Молодой человек побледнел при этой угрозе; он подошел вплотную к отцу, и полный мольбы голос звучал глубокой серьезностью, когда он сказал:

— Отец, прошу тебя, не будем заходить так далеко. Я просто сделан из другого теста, чем ты; я издавна чувствую лишь страх и ужас перед твоей высокой, холодной наукой, которая делает жизнь такой ясной и... такой пустынной! Ты не постигаешь, что существует иной мир, что есть юность, которой этот мир так же необходим, как воздух для дыхания. Ты непреклонно вырываешь у природы ее тайны, все, что живет и развивается в царстве природы, должно подчиниться твоим законам и системам, о каждом существе ты знаешь, как оно создается и обращается в ничто. Но своего собственного сына ты не знаешь, и его тебе не уложить ни в одну из твоих систем. Ему, по счастью, удалось приберечь себе немножко идеалов и поэзии, и с этим багажом он пойдет своей собственной дорогой, на которой он не посрамит твоего имени!

Сказав это, Ганс повернулся и направился к двери.

Но профессор абсолютно не был расположен покончить на этом разговор.

— Ганс, ты останешься здесь! — крикнул он. — Ты сию же минуту вернешься!

Но Ганс счел за благо не расслышать приказания. Он видел, что его «вспомогательный корпус» двинулся вперед, и предоставил ему прикрыть отступление.

— Пусть идет, дядя! — сказал Михаил, подходя вплотную к рассерженному старику. — Ты слишком взволнован, успокойся сначала!

Уговоры остались бесплодными. Велау вовсе не думал успокаиваться и теперь, когда непокорный сын вышел за «пределы досягаемости», с новой яростью обрушился на его заступника.

— И ты тоже был с ним в заговоре! Ты знал обо всей этой грязной истории, не отпирайся! Ганс ничего не скрывает от тебя. Почему ты молчал?

— Потому что я дал ему слово и не мог нарушить его, хотя и не одобрял этой таинственности.

— Тогда ты должен был по собственному почину взяться за дело и образумить Ганса!

— И этого я тоже не мог: Ганс был в своем праве!

— Что такое? Теперь и ты начинаешь? — закричал профессор.

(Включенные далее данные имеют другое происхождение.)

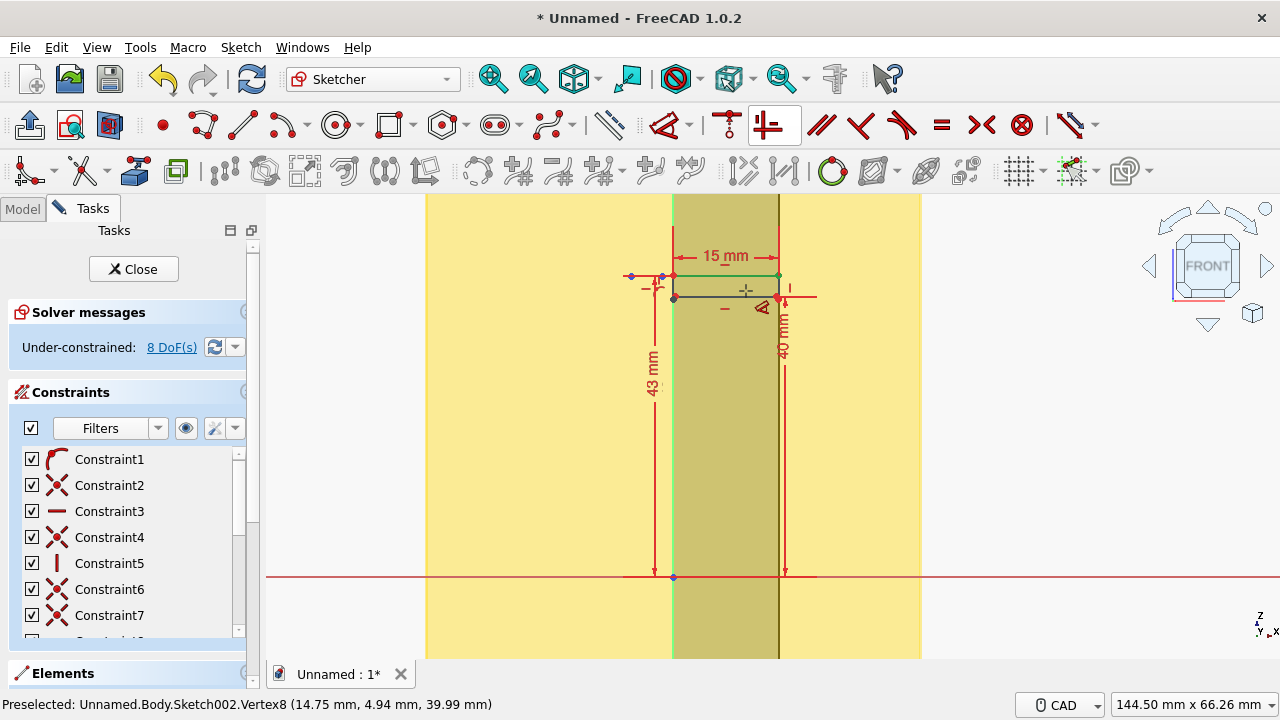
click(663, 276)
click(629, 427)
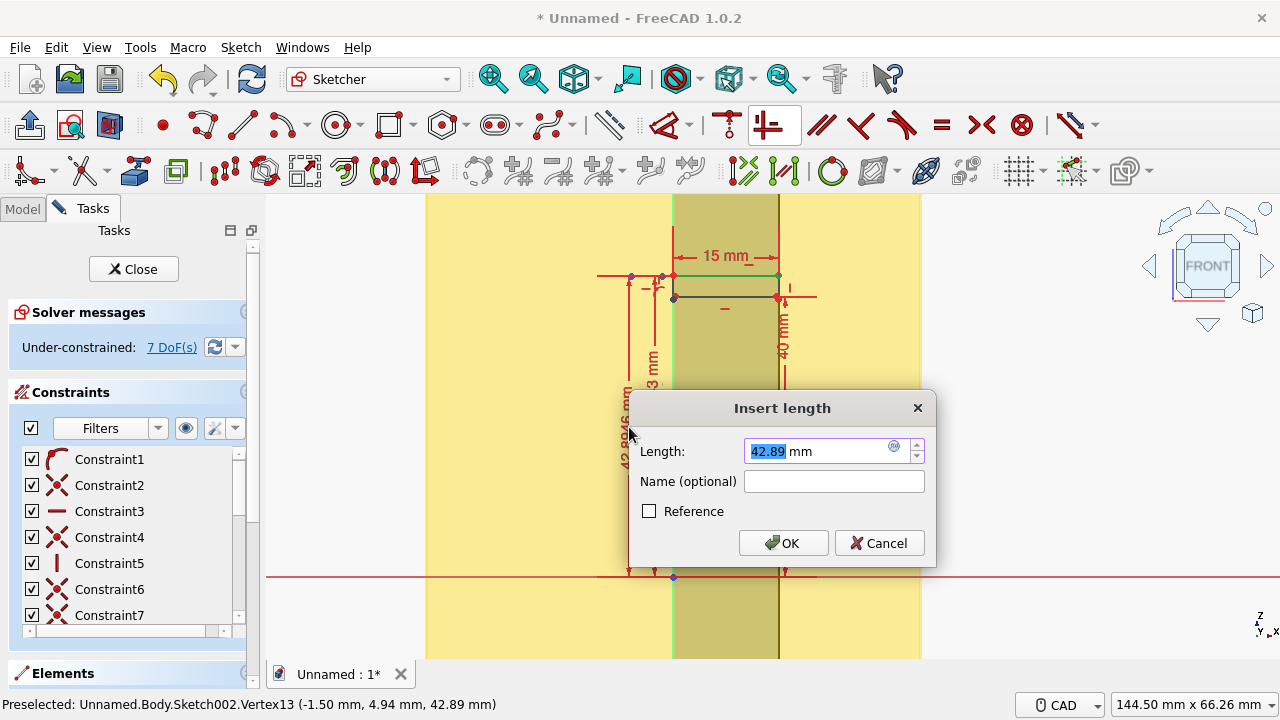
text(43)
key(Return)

Но Михаил спокойно ответил:

— Да, дядя, он был в своем праве! Я тоже не позволил бы навязать себе профессию, которой не люблю и к которой не гожусь. Я только действовал бы более открыто и потому выдержал бы более тяжелую борьбу, чем Ганс, который попросту уклонился от всякой борьбы. С того самого дня, когда ты заставил его взяться за науку, он начал заниматься рисованием. Но в заключение он убедился в невозможности закончить художественное образование у тебя на глазах, а потому и отправился в Б. Наверное, он создал что-нибудь выдающееся, потому что если такой человек, как профессор Вальтер, дает свидетельство его художественной зрелости, то...

— Молчи! — загремел профессор. — Я ничего не хочу слышать! Я говорю «нет» и еще раз «нет», и... А ты тоже лезешь ко мне со своим триумфом? Ты тоже, конечно, была в заговоре?

Последние слова относились к свояченице, которая, ничего не подозревая, вернулась в комнату, чтобы взять забытые ключи, и теперь была страшно поражена сердитым приемом.

— Да что с тобой? — спросила она. — Что случились?

— Случилось? Да ничего не случилось! Произошла только «маленькая перемена в занятиях», как благоугодно было выразиться моему сынку. Но горе мальчишке! Он еще узнает меня, пусть только попадется мне на глаза!

Велау, словно ураган, умчался из комнаты, с треском хлопнув за собой дверью, а хозяйка дома с искренним испугом обратилась к Михаилу:

— Да что же здесь случилось? Скажите мне, Бога ради!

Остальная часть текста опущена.